FSH, or your follicle-stimulating hormone, is something you’ll likely become intimately familiar with if you’re looking to start a family (especially with help from a fertility specialist). The hormone is manufactured in your brain by the pituitary gland. Its primary job is to control the ovaries and help to develop follicles (egg sacs). The pituitary gland can sense when your egg supplies start to run low and start to produce higher amounts of FSH in an effort to drive ovaries to produce more follicles.

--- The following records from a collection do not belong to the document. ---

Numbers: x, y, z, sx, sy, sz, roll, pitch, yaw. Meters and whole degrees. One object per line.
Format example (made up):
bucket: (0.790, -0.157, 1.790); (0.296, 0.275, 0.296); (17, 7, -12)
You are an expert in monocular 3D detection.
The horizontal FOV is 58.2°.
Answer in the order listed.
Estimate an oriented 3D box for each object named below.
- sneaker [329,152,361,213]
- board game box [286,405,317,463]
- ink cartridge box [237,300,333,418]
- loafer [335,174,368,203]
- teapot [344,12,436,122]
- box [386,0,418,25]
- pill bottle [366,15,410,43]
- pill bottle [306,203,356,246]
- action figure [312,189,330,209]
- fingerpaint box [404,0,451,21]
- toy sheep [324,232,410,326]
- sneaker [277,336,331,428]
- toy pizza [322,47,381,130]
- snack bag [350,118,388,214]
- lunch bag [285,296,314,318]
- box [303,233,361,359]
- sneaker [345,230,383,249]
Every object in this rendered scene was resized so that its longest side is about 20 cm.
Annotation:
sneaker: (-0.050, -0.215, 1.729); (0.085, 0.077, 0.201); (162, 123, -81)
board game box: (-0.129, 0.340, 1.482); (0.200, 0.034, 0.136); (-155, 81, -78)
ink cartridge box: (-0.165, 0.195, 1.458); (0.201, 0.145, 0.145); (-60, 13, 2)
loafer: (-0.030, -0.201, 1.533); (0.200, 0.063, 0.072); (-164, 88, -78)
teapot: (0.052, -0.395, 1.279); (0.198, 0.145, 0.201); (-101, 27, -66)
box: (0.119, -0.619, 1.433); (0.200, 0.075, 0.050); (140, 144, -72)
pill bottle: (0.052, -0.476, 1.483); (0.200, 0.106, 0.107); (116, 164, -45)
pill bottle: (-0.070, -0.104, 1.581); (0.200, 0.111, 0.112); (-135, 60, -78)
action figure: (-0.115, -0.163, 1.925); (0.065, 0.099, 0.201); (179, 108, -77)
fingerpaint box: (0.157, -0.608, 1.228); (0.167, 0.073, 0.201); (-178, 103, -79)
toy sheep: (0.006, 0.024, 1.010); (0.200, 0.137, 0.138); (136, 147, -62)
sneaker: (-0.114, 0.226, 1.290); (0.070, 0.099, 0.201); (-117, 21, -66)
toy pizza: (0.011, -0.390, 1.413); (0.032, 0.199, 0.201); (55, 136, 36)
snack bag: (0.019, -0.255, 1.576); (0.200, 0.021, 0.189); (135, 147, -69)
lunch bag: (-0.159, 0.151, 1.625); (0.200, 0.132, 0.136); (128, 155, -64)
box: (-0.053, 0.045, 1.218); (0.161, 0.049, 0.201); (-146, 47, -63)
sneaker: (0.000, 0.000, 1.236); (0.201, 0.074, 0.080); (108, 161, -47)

Fertility experts sometimes use FSH levels to measure your egg supply. They’ll typically take an FSH measurement on the second, third or fourth days of your cycle. If FSH levels are high, that’s a sign that your brain is trying to stimulate the development of the egg sacs by overproducing FSH. Generally a level over 15 mlU/ml is a sign that you probably have a low egg supply. The higher your FSH, the closer you may be to menopause and, therefore, the lower your odds of successfully conceiving with IVF using your own eggs.
Know this: While FSH levels were once one of the go-to measures for helping to judge a woman’s ability to conceive, the test is not used as often today, because the levels themselves can fluctuate widely from month to month. A more precise test used instead is the Anti-Mullerian Hormone (AMH), which measures levels of a protein hormone produced by cells of growing follicles. Fertility doctors consider this test a more accurate method of determining egg supply.